Lenders must assess affordability for interest-only loans on a capital repayment basis unless the borrower has a credible repayment plan in place.

The final mortgage market review rules, published last week, emphasises that ultimate responsibility for repaying the capital at the end of the term remains with the customer, not the lender.

In the feedback to its last consultation paper in December, the regulator says some firms were concerned that the act of assessing borrowers’ repayment strategy could cause customers not to recognise that the principal responsibility for repaying the mortgage remained with the borrower.
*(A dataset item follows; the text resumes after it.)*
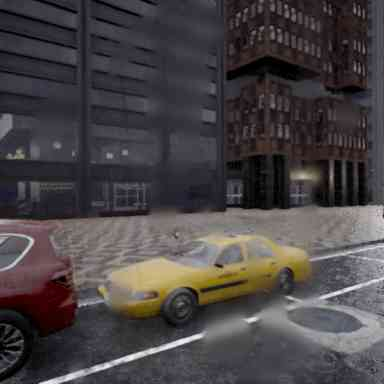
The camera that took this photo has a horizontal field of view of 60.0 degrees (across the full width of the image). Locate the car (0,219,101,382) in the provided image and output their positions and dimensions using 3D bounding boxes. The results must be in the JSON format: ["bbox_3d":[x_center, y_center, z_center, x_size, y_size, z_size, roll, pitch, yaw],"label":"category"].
[{"bbox_3d":[-3.917,1.315,3.859,5.009,1.841,2.192,0,0,-36],"label":"car"}]

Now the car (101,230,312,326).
[{"bbox_3d":[0.537,1.527,7.036,4.829,1.417,1.752,0,0,-36],"label":"car"}]

Firms were concerned that by checking the repayment strategy it could be seen by the customer as advice, or be seen as giving the customer an assurance that the repayment strategy will perform as expected.

The FSA says it does not expect firms to “predict what will happen in the future”, and just wants them to assess, so far as they is reasonably able to at the time of underwriting, that the repayment strategy has the potential to repay the capital.

The FSA says: “Responsibility for repaying the capital at the end of the term remains with the customer, in line with the terms of the mortgage contract.”

Chadney Bulgin mortgages partner Jonathan Clark says: “It is right to calculate interest-only on a capital repayment basis because it provides a safety net.”

The FSA is aiming to publish a thematic review early next year on the issues faced by existing interest-only borrowers who are unable to repay the remaining capital at the end of the mortgage term.